For most wastes, the size of digesters is largely dependent on the mass of organic matter to be processed into gas and liquid fertiliser.
All mixtures of feedstocks, e.g.. cattle manure and poultry manure mixtures, have optimum loading rates and these need to be determined in an accurate analysis prior to the digester being built.
However, the amount of biogas derived from a waste depends on many factors including:
In short it is the digester feedstock itself that controls the gas production for most systems, not the digester.
There are two ways of getting to a first estimate of the size of the digester - organic loading rate and hydraulic retention time (RT).
For a 'rule of thumb' figure use a daily loading rate of 6kg dry matter per cubic meter of digester.
To estimate the range of possible sizes for most high solids digesters, use a retention time (average residence time in the digester ) of 15 days with a limit of +/- 7 days for a wide range of materials.
You have 10 tonnes of animal manure at 10% dry matter (90% water) per day to treat.
Qu.
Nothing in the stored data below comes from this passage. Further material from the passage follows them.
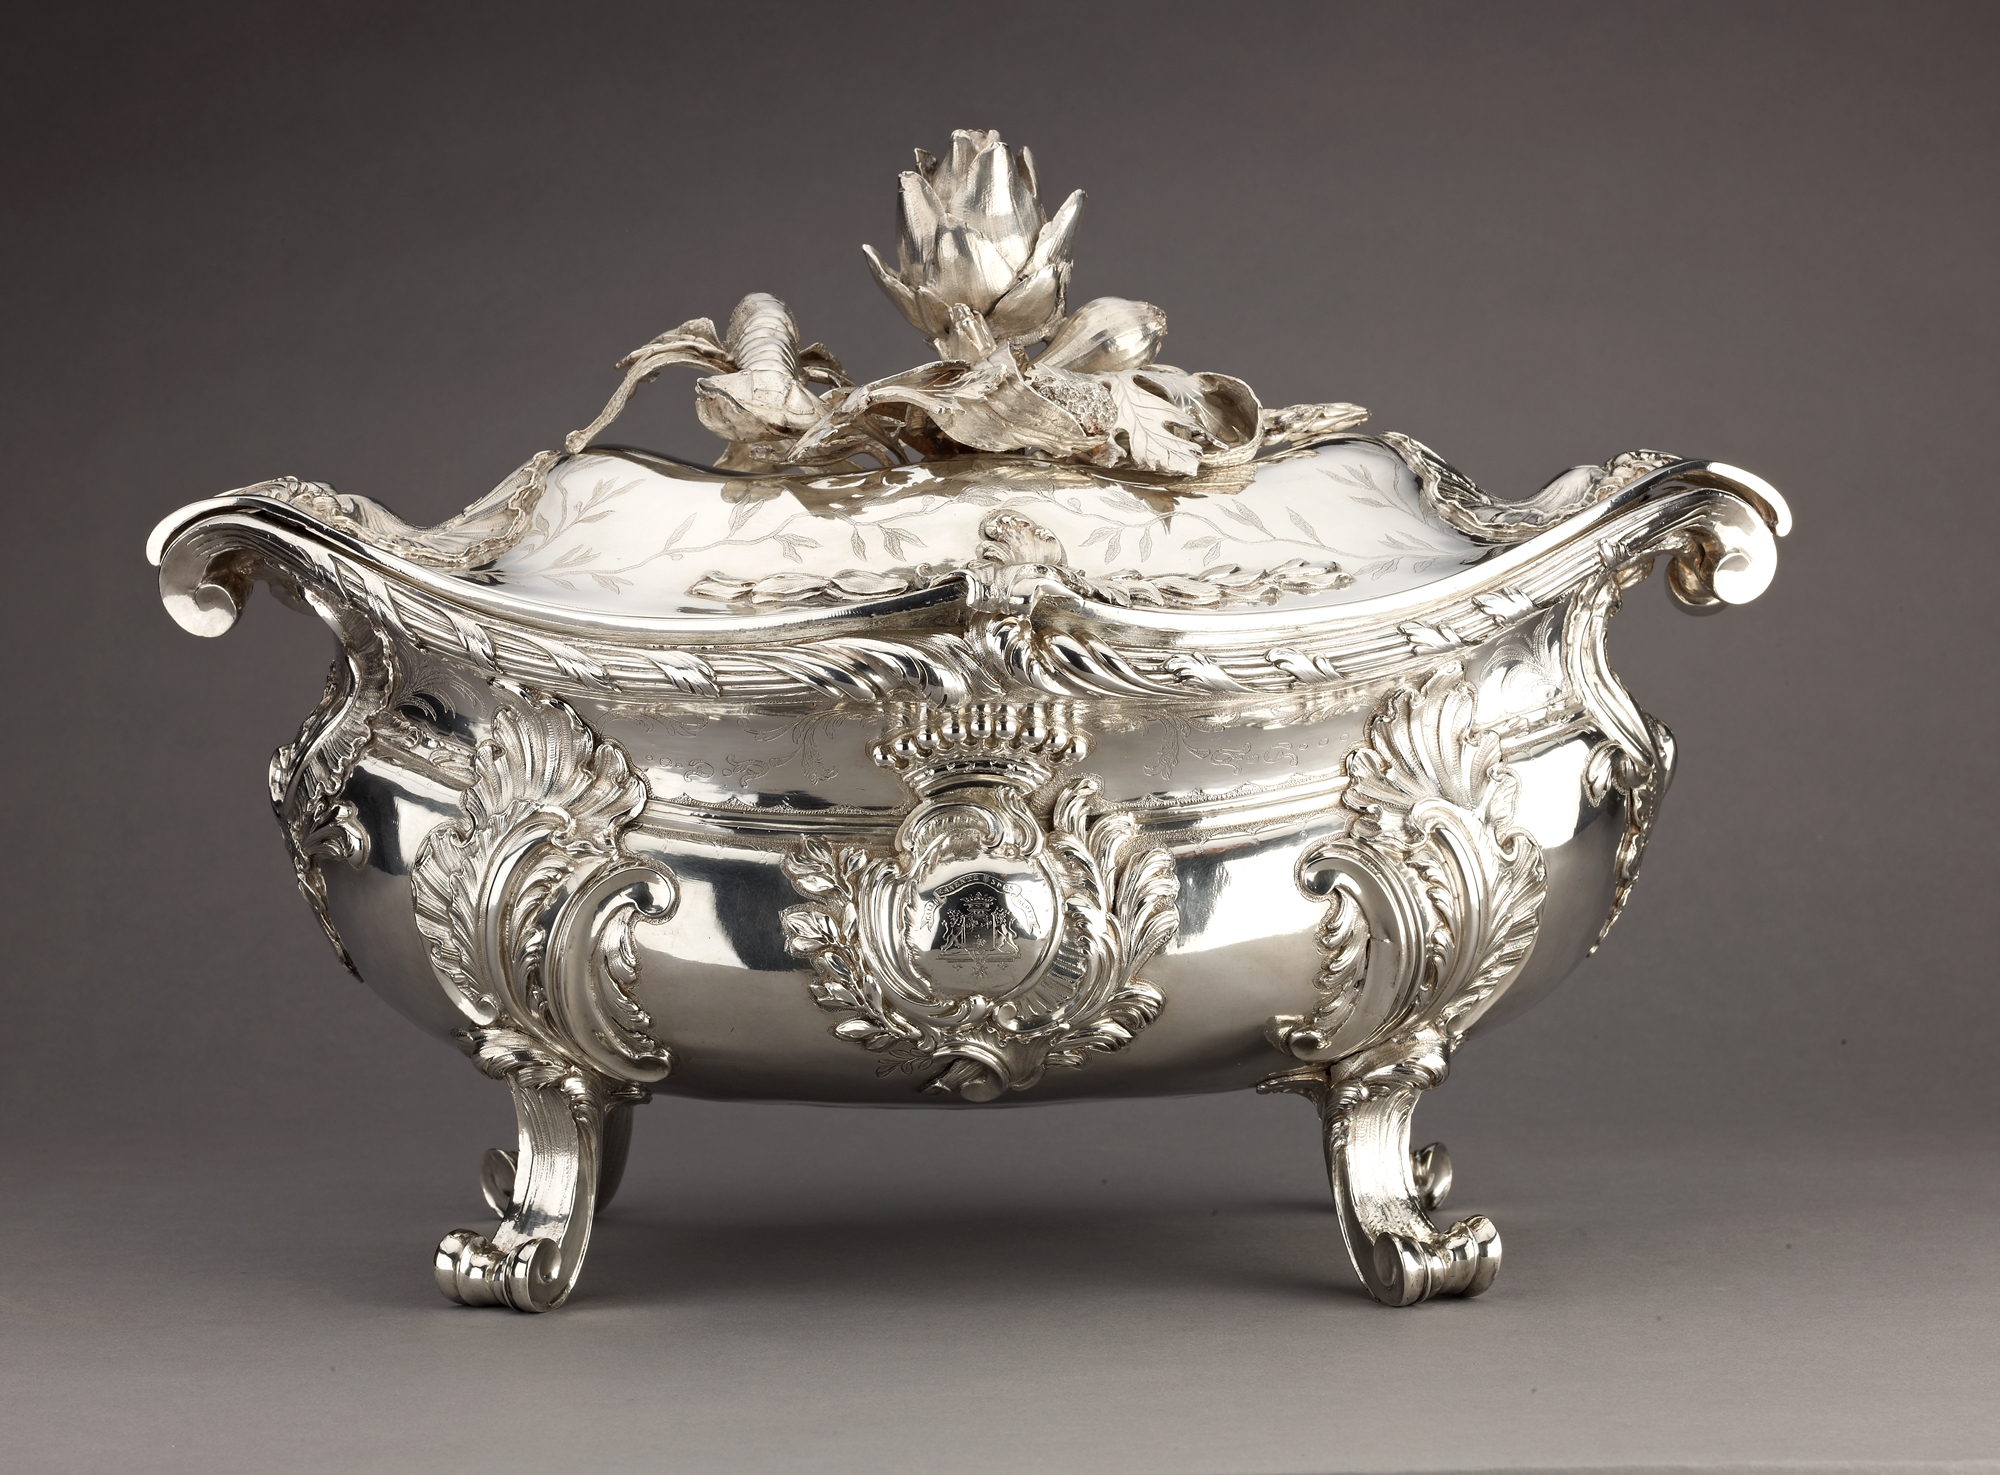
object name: tureen
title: Silver Tureen (a), lid (b) and liner (c) [pair with 1975.1.2561a,b]
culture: french
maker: etienne-jacques marcq
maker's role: artist
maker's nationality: french
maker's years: 1732-1781
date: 1749
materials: silver
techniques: casting
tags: coat of arms

What size digester?
Note a tonne (1000kg) of water has a volume of 1 cubic meter (1000Litres) by definition. There are 220 UK gallons in a cubic meter. For most approximations, liquid food and farm wastes have a density close to that of water.
Answer 1. Loading Rate Estimate
The total dry matter fed to the digester per day is 10 tonnes x 0.1 = 1 tonne per day dry matter.
Since 1 tonne = 1000kg, and a typical daily loading rate for a high solids digester is 6kg dry matter per cubic meter of digester , the total volume of digester I need is 1000 / 6 = 166 cubic meters.
Answer 2. Retention Time Estimate
The liquid volume is 10 cubic meters per day and a typical residence time is 15 days +/-7
Therefore the space required in the digester (the hydraulic volume) is most likely to be about
10 cubic meters x 15 = 150 cubic meters.
Comment.
These are very approximate figures but we can say that the digester is likely to have a volume of about 150 - 166 cubic meters. From experience we can put further limits on the error and using a retention time of 8 - 22 days (15 +/- 7) will give the size of digester for most wastes likely to be encountered including most industrial waste waters thus the digester will be in the range of 80 - 220 cubic meters but most likely to be about 150 cubic meters for optimum economy on average wastes and we would budget on this size prior to getting a full survey of the site and wastes for detailed costing. In general, low solids liquid effluents (3 - 8% Dry Matter) and fatty wastes need a lower Retention Time than high solids effluents (8 -20% Dry Matter). Some dry matter figures for various wastes are given in the table below.
PERFORMANCE
How much gas and electricity is produced?
The gas and electricity production is determined by the efficiency of the digester - ie how much dry matter is converted into biogas. For most systems estimate 50% of the dry matter is converted to biogas. For some old organic wastes which may have been subjected to composting e.g. broiler poultry manure, the gas production may be reduced by 2/3 giving a digester efficiency of 16% conversion of dry matter to biogas. Oily wastes are sometimes very digestible and almost 100% of the fat and oil may be converted to gas in a suitable digester. The picture for mixed wastes is rarely simple and you should consult Practically Green for further analysis. However, the following table may be of assistance.
Biogas and electricity production from 1 tonne of fresh waste (old wastes yield much less) |
Feedstock |
No. of animals to produce 1 tonne per day |
Dry Matter Content % |
Biogas Yield m3/tonne feedstock |
Approximate electrical value kwh |
| Cattle Slurry | 20-40 | 12 | 25 | 42.5 |
| Pig Slurry | 250 -300 | 9 (no rainwater) | 26 | 44.2 |
| Laying Hen Litter | 8,000 - 9,000 | 30 | 90 -150 | 153 - 255 |
| Broiler Manure | 10,000-15,000 | 60 | 50 -100 | 85 - 170 |
| Food Processing Waste | - | 15 | 46 | 78.2 |
In most systems with electrical generation, the engine will produce about 2kWh of hot water and 1.7kWh of electricity from each cubic meter of reasonably good quality biogas. Half of the hot water will be needed to heat the digester. If the biogas is used for heating water in a boiler without electricity production, one cubic meter of biogas will produce about 2.5kW of hot water in a 70% efficient boiler.
These figures are for fresh wastes and storing an organic waste for a week in hot weather may reduce the biogas potential by a half. Rain water entering slurry and then into the digester has to be heated inside the digester . Low total solids in the digester feedstock is a major source of heat loss problems in Northern climates.